- **EXERCISE**
What you produce should be every line from the data that includes "circle".

- **EXTRACTED RECORDS**
-=-=-
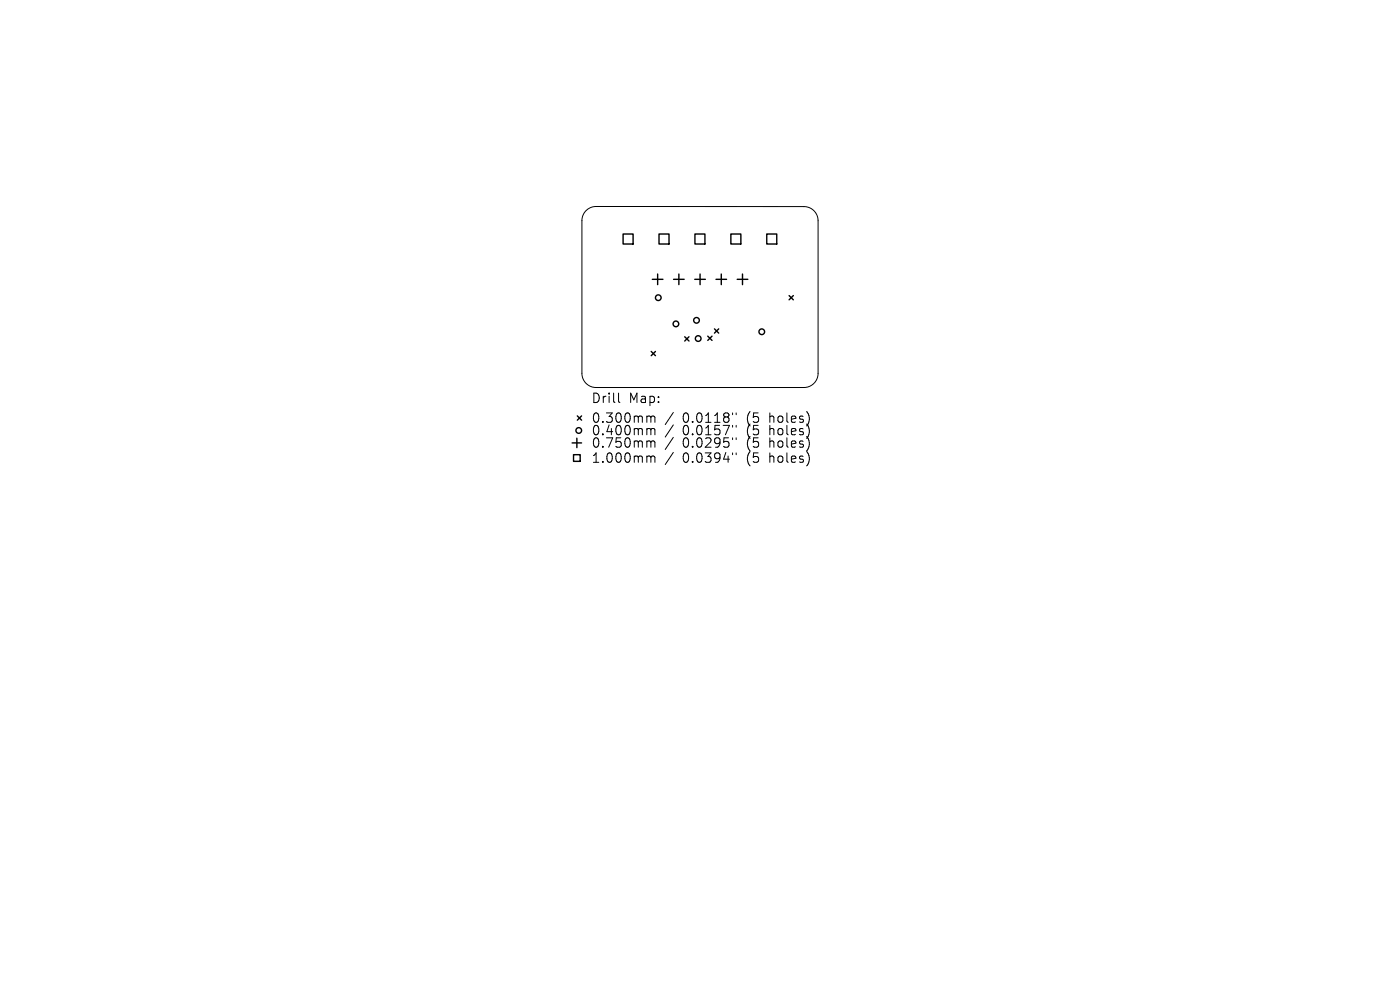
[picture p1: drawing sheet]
<svg xmlns="http://www.w3.org/2000/svg" width="297mm" height="210mm" viewBox="0 0 297 210" stroke-linecap="round" stroke-linejoin="round" font-family="sans-serif">
<defs><g id="words">
<g font-size="2.8">
<text x="125.4" y="85.8">Drill</text>
<text x="125.4" y="90">0.300mm</text>
<text x="133.4" y="85.8">Map:</text>
<text x="144.8" y="90">0.0118&quot;</text>
<text x="158.5" y="90">(5</text>
<text x="163.5" y="90">holes)</text>
<text x="125.4" y="92.6">0.400mm</text>
<text x="125.4" y="95.3">0.750mm</text>
<text x="144.8" y="92.6">0.0157&quot;</text>
<text x="144.8" y="95.3">0.0295&quot;</text>
<text x="158.5" y="92.6">(5</text>
<text x="158.5" y="95.3">(5</text>
<text x="163.5" y="92.6">holes)</text>
<text x="163.5" y="95.3">holes)</text>
<text x="125.4" y="98.5">1.000mm</text>
<text x="144.8" y="98.5">0.0394&quot;</text>
<text x="158.5" y="98.5">(5</text>
<text x="163.5" y="98.5">holes)</text>
</g>
</g></defs>
<g fill="none" stroke="#000" stroke-width=".21">
<path d="M124.3 44.7a3 3 0 0 1 2.2-.9h44.1a3 3 0 0 1 3 3v32.4a3 3 0 0 1-3 3h-44.1a3 3 0 0 1-3-3v-32.4a3 3 0 0 1 .8-2.1zM131.2 83.4v1.7l.3 .3M137.5 88.3h.3l.3 .2M137.5 90.9h.3l.3 .3M137.5 93.5h.3l.3 .3M137.5 96.7h.3l.3 .3M138.1 88.5l.3-.2 .4 .1 .1 1.2M138.1 88.5v1.1M138.1 91.2v1M138.1 93.8v1.1M138.1 97v1.1M138.1 91.2l.3-.3 .4 .1 .1 1.2"/>
<path d="M138.1 93.8l.3-.3 .4 .1 .1 1.3M138.1 97l.3-.3 .4 .1 .1 1.3M142.8 87.5l-1.7 2.6M142.8 90.1l-1.7 2.6M142.8 92.8l-1.7 2.5M142.8 96l-1.7 2.5M155.4 87.6v.4M155.4 90.2v.4M155.4 92.9v.4M155.4 96.1v.4M156.2 87.6v.4M156.2 90.2v.4"/>
<path d="M156.2 92.9v.4M156.2 96.1v.4"/>
</g>
<g fill="none" stroke="#000" stroke-width=".3">
<path d="M132.2 49.6h2.1v2.2h-2.1zM138.4 59.3h2.2M139.5 58.1v2.3M139.8 49.6h2.1v2.2h-2.1zM142.9 59.3h2.2M144 58.1v2.3M147.4 59.3h2.2M147.4 49.6h2.1v2.2h-2.1zM148.5 58.1v2.3M151.9 59.3h2.2M153 58.1v2.3M155 49.6h2.2v2.2h-2.2z"/>
<path d="M156.4 59.3h2.2M157.5 58.1v2.3M162.7 49.6h2.1v2.2h-2.1zM138.2 74.6l.9 .9M139.1 74.6l-.9 .9M145.3 71.4l.9 .9M146.2 71.4l-.9 .9M150.1 71.3l.9 .9M151 71.3l-.9 .9M151.6 69.8l.9 .9M152.5 69.8l-.9 .9M167.4 62.7l.9 .9"/>
<path d="M168.3 62.7l-.9 .9M121.4 94h2M121.7 96.5h1.4v1.4h-1.4zM122.4 93v2M122.5 88.2l.9 .9M123.4 88.2l-.9 .9"/>
<circle cx="139.7" cy="63.2" r=".6"/>
<circle cx="143.4" cy="68.7" r=".6"/>
<circle cx="147.8" cy="68" r=".6"/>
<circle cx="148.1" cy="71.8" r=".6"/>
<circle cx="161.6" cy="70.4" r=".6"/>
<circle cx="122.8" cy="91.3" r=".6"/>
</g>
<use href="#words"/>
</svg>
-=-=-
- **FINISHED EXERCISE**
<circle cx="139.7" cy="63.2" r=".6"/>
<circle cx="143.4" cy="68.7" r=".6"/>
<circle cx="147.8" cy="68" r=".6"/>
<circle cx="148.1" cy="71.8" r=".6"/>
<circle cx="161.6" cy="70.4" r=".6"/>
<circle cx="122.8" cy="91.3" r=".6"/>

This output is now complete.